ИЗ СЕМЕЙНОГО АРХИВА

 

Письма военврача 3-го ранга Николая Куприяновича Гусаченко

сестре Раисе Гусаченко (февраль 1941 года — май 1942 года)

 

Двинск (Даугавпилс), 16 февраля 1941 г.

Здравствуй, моя дорогая, крепко любимая Раечка!

Сегодня я получил от тебя письмо, которое меня обескуражило. Ты тысячу раз права, когда скромно, как это присуще твоей натуре и твоему чуткому сердцу, упрекаешь меня в молчании. Если до сегодня я еще имел всякие «объективные причины», то с получением твоего письма все эти «объективки» улетели так (ты красиво выразилась!), «как с белых яблонь дым». Ну что ж, дым развеян — надо объясниться…

…Раечка! Ты думаешь, я не знаю, что такое студенческая жизнь? Знаю прекрасно и то, что вам (обеим сестрам-студенткам, Варе и Рае. — Е.Г.) хуже, нежели было мне. Я был у тебя и надавал кучу обещаний, но ни одного не выполнил. Пытался передать тебе и Варе посылку с тетрадями и еще кое с чем, но кому зря ее нельзя доверить, а знакомых в новой части нет.

Скоро я попытаюсь получить отпуск за 1941 год и приеду специально к тебе.

…Когда я узнал о твоей успешной сдаче экзаменов, не удивился: я ни капельки в этом не сомневался. Ты у меня молодец, а я даже недостоин быть твоим братом! Твое письмо мне понравилось: само его построение уже заставляет думать, что из тебя выйдет настоящий литературный работник. Я горжусь тобою! И я уверен, Раечка, что в 1945 году ты, кроме хорошего диплома, будешь иметь и достойную тебя работу.

Теперь о Виталике (сын. — Е.Г.). Он заметно подрос и поумнел, уже хорошо разговаривает и все понимает, свободно произносит сложные фразы. Знает несколько стихотворений, но по просьбе их никогда не декламирует. Зато поет песни с пластинок Вертинского. Очень любит слушать сказки, просит петь песню про трех танкистов. Долго вспоминал и показывал на фото дедушку Куприяна и бабушку Пашу…

Вот все о нашей жизни. Завтра попробую через одного человека сделать тебе переводик на небольшую сумму.

Привет и поцелуй от Маруси (жена. Е.Г.) и Витусика.

Твой брат Коля.

 

Фронт, 8.IV.1942 г.

Здравствуй, моя дорогая сестричка!

Я получил от тебя письмо!

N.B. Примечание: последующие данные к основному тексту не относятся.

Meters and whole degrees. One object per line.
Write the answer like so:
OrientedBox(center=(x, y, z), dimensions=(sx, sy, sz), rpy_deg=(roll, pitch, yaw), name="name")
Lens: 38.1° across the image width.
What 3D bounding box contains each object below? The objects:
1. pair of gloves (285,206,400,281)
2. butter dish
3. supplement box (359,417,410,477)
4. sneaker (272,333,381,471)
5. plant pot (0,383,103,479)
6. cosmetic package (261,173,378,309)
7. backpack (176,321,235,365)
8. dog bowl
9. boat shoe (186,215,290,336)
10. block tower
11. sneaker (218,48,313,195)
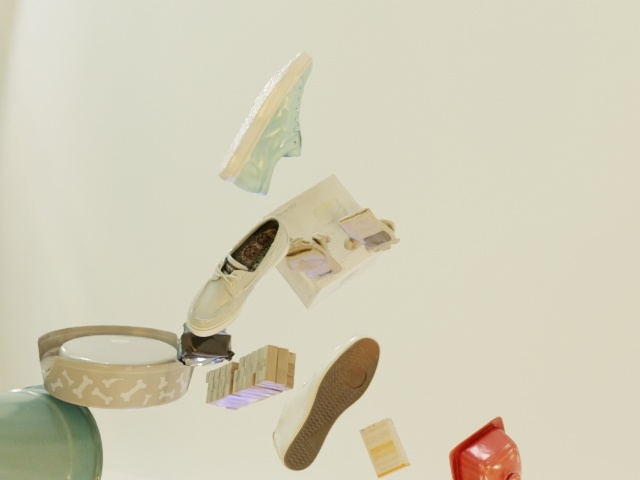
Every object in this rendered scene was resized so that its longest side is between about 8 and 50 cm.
OrientedBox(center=(0.040, 0.004, 1.946), dimensions=(0.240, 0.204, 0.042), rpy_deg=(-25, -117, 20), name="pair of gloves")
OrientedBox(center=(0.354, 0.466, 1.876), dimensions=(0.118, 0.159, 0.160), rpy_deg=(20, -50, 50), name="butter dish")
OrientedBox(center=(0.123, 0.395, 1.769), dimensions=(0.062, 0.036, 0.098), rpy_deg=(-27, -109, 16), name="supplement box")
OrientedBox(center=(-0.003, 0.283, 1.747), dimensions=(0.290, 0.106, 0.123), rpy_deg=(-54, -152, 2), name="sneaker")
OrientedBox(center=(-0.669, 0.443, 1.849), dimensions=(0.341, 0.334, 0.341), rpy_deg=(-5, -105, 19), name="plant pot")
OrientedBox(center=(0.000, 0.000, 2.218), dimensions=(0.225, 0.224, 0.138), rpy_deg=(51, -27, 11), name="cosmetic package")
OrientedBox(center=(-0.226, 0.200, 1.798), dimensions=(0.114, 0.105, 0.084), rpy_deg=(134, -42, -66), name="backpack")
OrientedBox(center=(-0.436, 0.270, 2.001), dimensions=(0.348, 0.348, 0.102), rpy_deg=(18, -76, 60), name="dog bowl")
OrientedBox(center=(-0.135, 0.049, 1.467), dimensions=(0.079, 0.227, 0.081), rpy_deg=(32, -22, 22), name="boat shoe")
OrientedBox(center=(-0.176, 0.344, 2.287), dimensions=(0.335, 0.091, 0.097), rpy_deg=(-29, -130, 54), name="block tower")
OrientedBox(center=(-0.096, -0.272, 2.204), dimensions=(0.366, 0.150, 0.135), rpy_deg=(-59, -161, -3), name="sneaker")
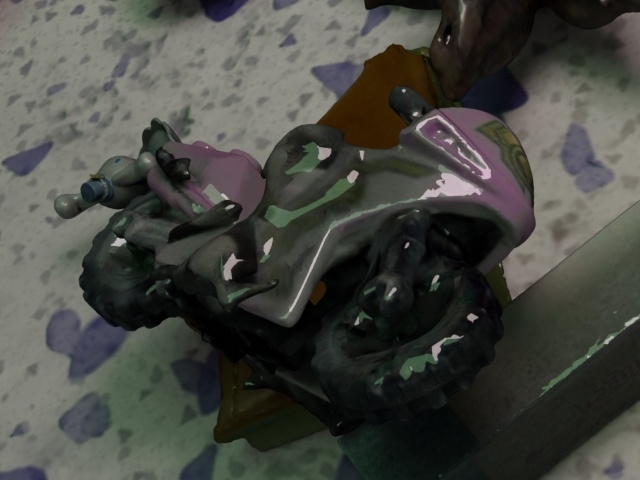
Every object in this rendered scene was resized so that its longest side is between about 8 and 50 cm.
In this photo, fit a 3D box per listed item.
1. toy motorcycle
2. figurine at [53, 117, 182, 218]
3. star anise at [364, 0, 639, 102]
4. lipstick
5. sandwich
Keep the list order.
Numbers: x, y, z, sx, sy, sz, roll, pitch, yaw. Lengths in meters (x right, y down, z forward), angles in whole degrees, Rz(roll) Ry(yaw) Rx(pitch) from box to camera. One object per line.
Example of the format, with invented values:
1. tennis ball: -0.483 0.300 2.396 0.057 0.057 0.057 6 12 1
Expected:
1. toy motorcycle: -0.002 -0.002 1.001 0.327 0.143 0.188 16 62 50
2. figurine: -0.127 -0.032 1.196 0.086 0.094 0.082 -26 82 -29
3. star anise: 0.122 -0.189 1.148 0.198 0.110 0.257 -18 33 -3
4. lipstick: 0.159 0.049 0.995 0.317 0.066 0.068 -38 48 -2
5. sandwich: 0.000 0.000 1.118 0.212 0.063 0.245 -21 49 13
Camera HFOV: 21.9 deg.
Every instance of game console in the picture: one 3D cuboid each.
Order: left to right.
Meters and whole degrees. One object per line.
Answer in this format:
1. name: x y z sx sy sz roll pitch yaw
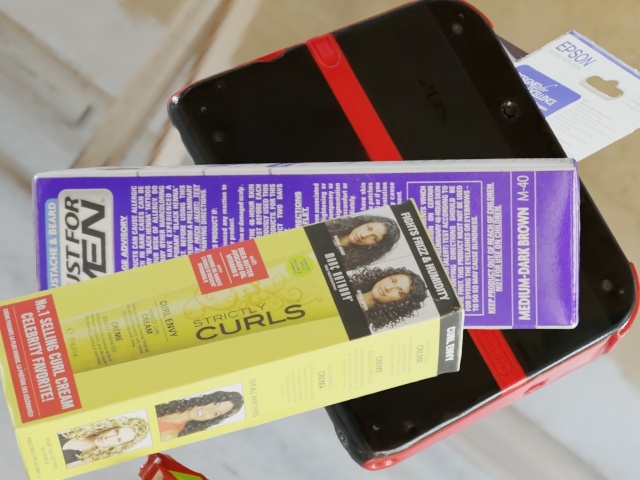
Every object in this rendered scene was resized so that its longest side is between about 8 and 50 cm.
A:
1. game console: 0.085 -0.024 1.511 0.387 0.342 0.060 61 -24 11

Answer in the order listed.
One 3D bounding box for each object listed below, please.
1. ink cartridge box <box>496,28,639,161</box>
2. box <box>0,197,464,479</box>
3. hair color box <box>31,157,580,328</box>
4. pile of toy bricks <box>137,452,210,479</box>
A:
1. ink cartridge box: 0.211 -0.140 1.850 0.303 0.307 0.072 19 46 -54
2. box: -0.048 0.050 0.855 0.058 0.232 0.087 87 -14 -51
3. hair color box: 0.000 0.000 1.091 0.338 0.110 0.185 1 4 9
4. pile of toy bricks: -0.055 0.180 0.922 0.105 0.118 0.212 37 5 31
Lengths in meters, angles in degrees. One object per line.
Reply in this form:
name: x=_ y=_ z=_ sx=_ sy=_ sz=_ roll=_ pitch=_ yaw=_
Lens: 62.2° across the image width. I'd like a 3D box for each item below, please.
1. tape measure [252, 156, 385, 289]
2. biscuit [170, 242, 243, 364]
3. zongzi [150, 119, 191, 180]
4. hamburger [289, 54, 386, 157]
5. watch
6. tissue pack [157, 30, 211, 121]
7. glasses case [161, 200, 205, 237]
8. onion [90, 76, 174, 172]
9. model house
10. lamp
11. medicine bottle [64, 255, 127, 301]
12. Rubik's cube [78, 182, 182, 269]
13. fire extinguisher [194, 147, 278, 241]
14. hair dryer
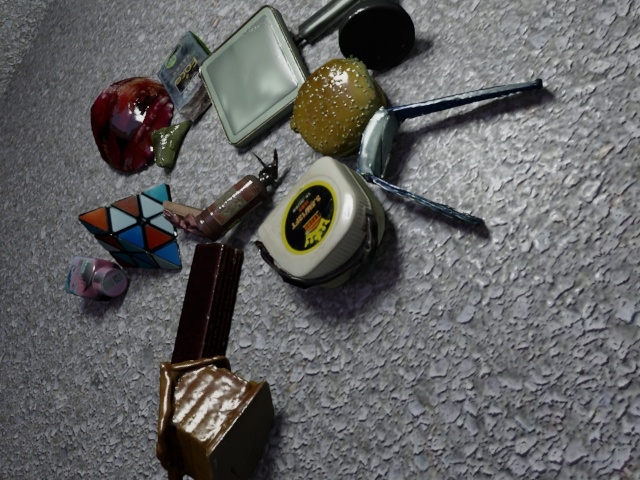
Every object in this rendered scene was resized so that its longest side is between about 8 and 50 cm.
tape measure: x=0.000 y=0.000 z=1.048 sx=0.271 sy=0.133 sz=0.231 roll=-45 pitch=46 yaw=20
biscuit: x=-0.269 y=0.196 z=1.225 sx=0.107 sy=0.073 sz=0.388 roll=-1 pitch=75 yaw=39
zongzi: x=-0.412 y=-0.258 z=1.510 sx=0.131 sy=0.062 sz=0.154 roll=-17 pitch=74 yaw=9
hamburger: x=0.029 y=-0.270 z=1.105 sx=0.215 sy=0.122 sz=0.189 roll=-30 pitch=75 yaw=29
watch: x=0.215 y=-0.194 z=0.962 sx=0.275 sy=0.068 sz=0.276 roll=25 pitch=90 yaw=34
tissue pack: x=-0.372 y=-0.474 z=1.526 sx=0.173 sy=0.073 sz=0.235 roll=-45 pitch=52 yaw=15
glasses case: x=-0.331 y=-0.049 z=1.338 sx=0.193 sy=0.102 sz=0.070 roll=16 pitch=92 yaw=40
onion: x=-0.583 y=-0.371 z=1.615 sx=0.280 sy=0.146 sz=0.314 roll=25 pitch=87 yaw=36
model house: x=-0.233 y=0.365 z=1.066 sx=0.229 sy=0.219 sz=0.199 roll=23 pitch=133 yaw=29
lamp: x=-0.167 y=-0.404 z=1.320 sx=0.266 sy=0.047 sz=0.269 roll=-30 pitch=73 yaw=25
medicine bottle: x=-0.642 y=0.112 z=1.528 sx=0.188 sy=0.094 sz=0.119 roll=5 pitch=77 yaw=39
Rubik's cube: x=-0.465 y=0.036 z=1.433 sx=0.234 sy=0.284 sz=0.250 roll=34 pitch=124 yaw=19
fire extinguisher: x=-0.179 y=-0.108 z=1.216 sx=0.252 sy=0.106 sz=0.075 roll=-39 pitch=60 yaw=2
hair dryer: x=0.069 y=-0.484 z=1.199 sx=0.284 sy=0.156 sz=0.320 roll=-48 pitch=36 yaw=41
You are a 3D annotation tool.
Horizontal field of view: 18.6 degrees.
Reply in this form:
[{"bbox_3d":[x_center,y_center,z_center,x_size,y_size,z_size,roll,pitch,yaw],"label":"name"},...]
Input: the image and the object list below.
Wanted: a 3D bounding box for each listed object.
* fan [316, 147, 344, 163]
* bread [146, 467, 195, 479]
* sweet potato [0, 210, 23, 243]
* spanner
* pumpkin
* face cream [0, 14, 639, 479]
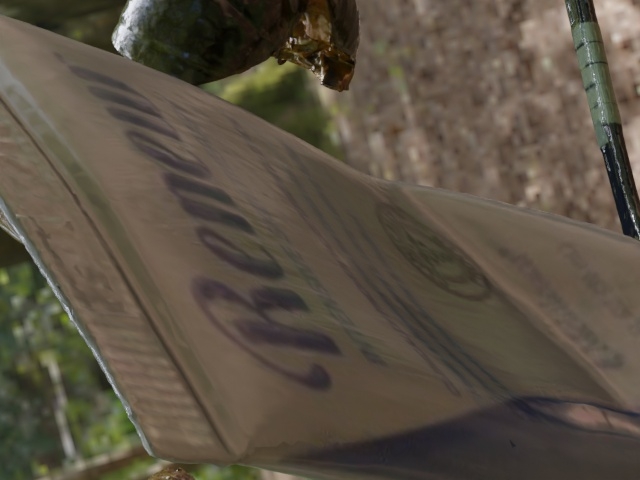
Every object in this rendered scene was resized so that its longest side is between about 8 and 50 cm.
[{"bbox_3d":[0.000,-0.001,1.555,0.011,0.335,0.230,98,164,-47],"label":"fan"},{"bbox_3d":[-0.137,0.274,1.547,0.193,0.064,0.193,-167,90,-76],"label":"bread"},{"bbox_3d":[-0.202,-0.068,1.288,0.252,0.097,0.097,49,160,18],"label":"sweet potato"},{"bbox_3d":[0.180,-0.070,1.199,0.087,0.024,0.316,83,175,-79],"label":"spanner"},{"bbox_3d":[-0.044,-0.159,1.289,0.119,0.183,0.108,27,109,32],"label":"pumpkin"},{"bbox_3d":[0.021,0.031,0.735,0.420,0.137,0.235,20,-154,-50],"label":"face cream"}]
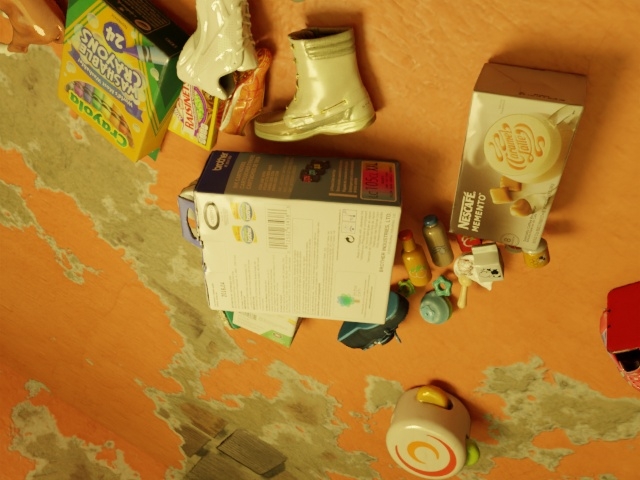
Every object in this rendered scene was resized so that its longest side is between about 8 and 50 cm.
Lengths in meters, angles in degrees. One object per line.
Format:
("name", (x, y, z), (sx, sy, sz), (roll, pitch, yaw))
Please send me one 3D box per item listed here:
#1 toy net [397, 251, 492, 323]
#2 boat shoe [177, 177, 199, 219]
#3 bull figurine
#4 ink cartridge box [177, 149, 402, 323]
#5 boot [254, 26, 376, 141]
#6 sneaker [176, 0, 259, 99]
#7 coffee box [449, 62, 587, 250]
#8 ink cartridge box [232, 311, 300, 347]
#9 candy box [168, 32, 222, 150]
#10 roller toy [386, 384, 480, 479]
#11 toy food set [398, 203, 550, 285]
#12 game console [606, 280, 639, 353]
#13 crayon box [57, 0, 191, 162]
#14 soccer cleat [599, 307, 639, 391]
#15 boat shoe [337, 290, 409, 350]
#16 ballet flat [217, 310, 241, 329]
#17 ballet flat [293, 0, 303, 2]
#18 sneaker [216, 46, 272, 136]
("toy net", (0.250, 0.074, 1.044), (0.122, 0.045, 0.232), (55, 135, 13))
("boat shoe", (-0.141, -0.099, 1.058), (0.267, 0.088, 0.096), (-10, 126, 13))
("bull figurine", (-0.569, -0.473, 0.937), (0.188, 0.101, 0.310), (-5, 125, 36))
("ink cartridge box", (-0.067, -0.007, 0.970), (0.395, 0.151, 0.270), (3, 128, 1))
("boot", (-0.029, -0.248, 0.867), (0.213, 0.077, 0.165), (-2, 129, 23))
("sneaker", (-0.134, -0.321, 0.835), (0.115, 0.090, 0.232), (34, 133, 2))
("coffee box", (0.282, -0.118, 0.801), (0.141, 0.098, 0.247), (14, 134, 16))
("ink cartridge box", (-0.109, 0.128, 1.246), (0.154, 0.093, 0.212), (22, 138, 7))
("candy box", (-0.229, -0.268, 0.993), (0.105, 0.027, 0.206), (30, 137, 6))
("roller toy", (0.261, 0.456, 1.309), (0.191, 0.146, 0.209), (-34, 103, 35))
("toy food set", (0.254, -0.003, 0.914), (0.232, 0.111, 0.105), (-9, 123, 26))
("game console", (0.536, 0.131, 0.861), (0.124, 0.144, 0.085), (24, 137, 6))
("crayon box", (-0.364, -0.288, 0.986), (0.203, 0.083, 0.323), (40, 138, 0))
("soccer cleat", (0.556, 0.218, 0.958), (0.083, 0.095, 0.248), (-15, 126, 37))
("boat shoe", (0.128, 0.176, 1.173), (0.089, 0.109, 0.258), (30, 154, -10))
("ballet flat", (-0.239, 0.123, 1.324), (0.077, 0.091, 0.241), (29, 138, 35))
("ballet flat", (-0.042, -0.419, 0.722), (0.072, 0.068, 0.213), (19, 136, 13))
("sneaker", (-0.122, -0.255, 0.934), (0.067, 0.064, 0.175), (8, 139, -31))

Как это было неожиданно — думал, что с тобой уже не налажу переписку. Раечка! От папы (Куприян Иванович Гусаченко. — Е.Г.), несмотря на то, что послал ему 5 писем, ответа нет. От Маруси (Мария Тарасовна Пшеничная, жена. — Е.Г.) ничего не получаю. Только ты сумела разыскать меня, за что я бесконечно благодарен.

Раечка! Немного о себе. Я на фронте. А на войне, как на войне. Был на Ростовском направлении, там мы имели успех, и еще какой успех! Сейчас наша часть оперирует недалеко от Изюма. Мы все время в боях, и здесь добиваемся побед. Фрицы называют нашу часть сумасшедшей за то, что мы наносим удары тогда и там, где нас совсем не ожидают. Берем пленных, трофеи. Так, 2 дня тому один наш боец сел на танк, поставил на башню пулемет «Максим», ворвался в расположение фрицев и дал им такого перцу, что долго будут помнить его. Он убил 12 фрицев и многих ранил. Правда, его тоже ранили. Чтобы много рассказывать, надо много времени, поэтому я ограничусь этим. Скажу одно. Теперь праздник на нашей улице. Победа будет за нами!

Я работаю старшим врачом полка. У меня большой штат. Много сделал полезного. Вот и сейчас одного оперировал…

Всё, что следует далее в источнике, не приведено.